You can supplement this diet with timothy hay and fresh produce.
Other Guinea Pig Expenses!
Guinea pig claws may become overgrown. It is a good idea to get a small animal nail trimmer ($10) and train your guinea pigs to cooperate with having their nails trimmed.
Depending on their coat type you may need a grooming brush or mitt ($10).
When you first adopt your guinea pigs, find a veterinarian with guinea pig expertise. Visit them immediately after adoption and then, at a minimum, on an annual basis.
This will help establish that you have healthy piggies to start out, and if they become ill or injured later you will have a vet who is already familiar with your guinea pigs.
Guinea Pig Cost Sheet
Adding all of these factors together, we get an estimated budget for adopting a guinea pig.

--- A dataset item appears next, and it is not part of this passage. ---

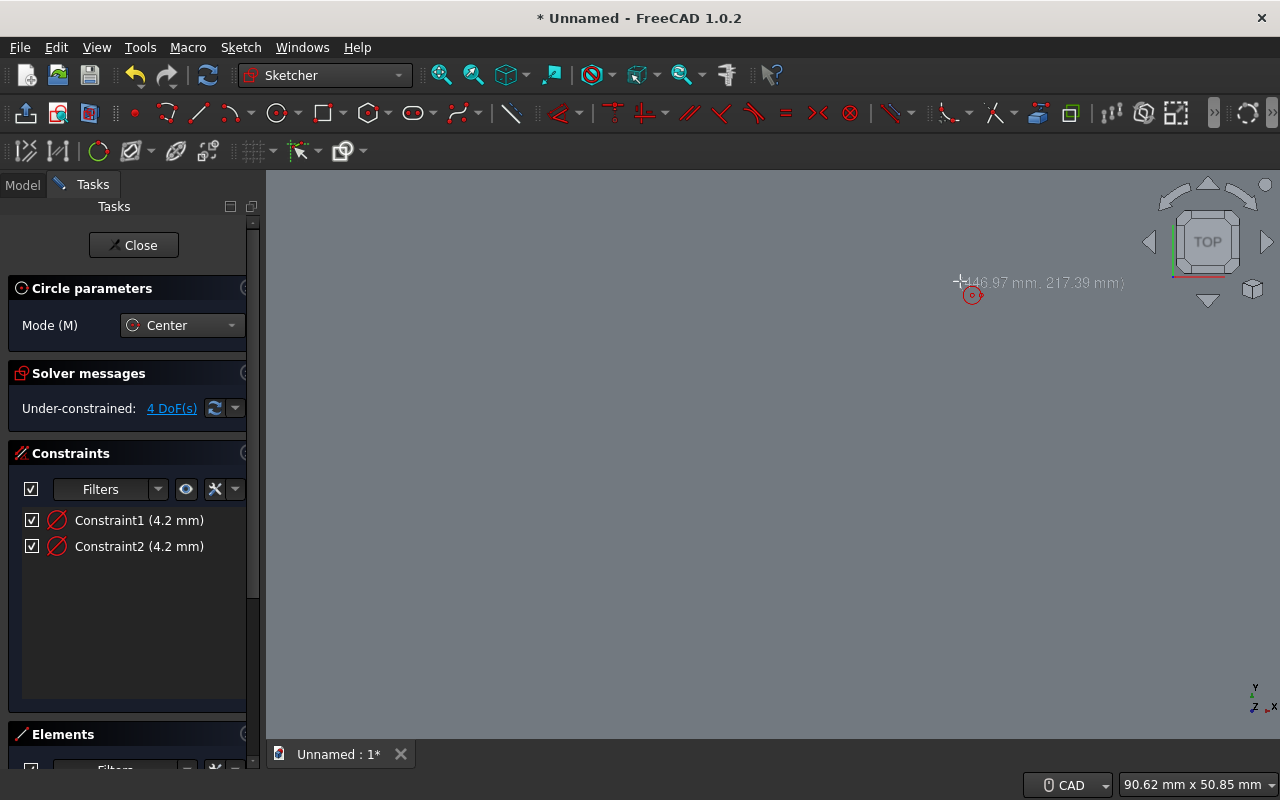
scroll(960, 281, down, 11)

Keep in mind, these are only approximate figures and will vary based on location and other factors.
Set up cost:
- Cage ($150)
- Cage furnishings ($50)
- Bedding ($15)
- Nesting material ($10)
- Food ($10)
- Toys and treats ($20)
- Cleaners and sundry items ($20)
- Guinea pigs ($30 each, so about $60)
- Veterinary visit ($75)
Total set up cost will be around $430. You can also expect a regular monthly cost averaging around $20-40.
It’s wise to count the cost of adopting an animal before you actually commit, so make sure that you can care for your new pet’s needs.
References and Resources
- Hutchinson, E., Avery, A., and VandeWoude, S. (2005). Environmental enrichment for laboratory rodents. ILAR Journal, 46(2), 148-161.
- Matthews, L. R., and Ladewig, J. (1994). Environmental requirements of pigs measured by behavioural demand functions. Animal behaviour, 47(3), 713-719.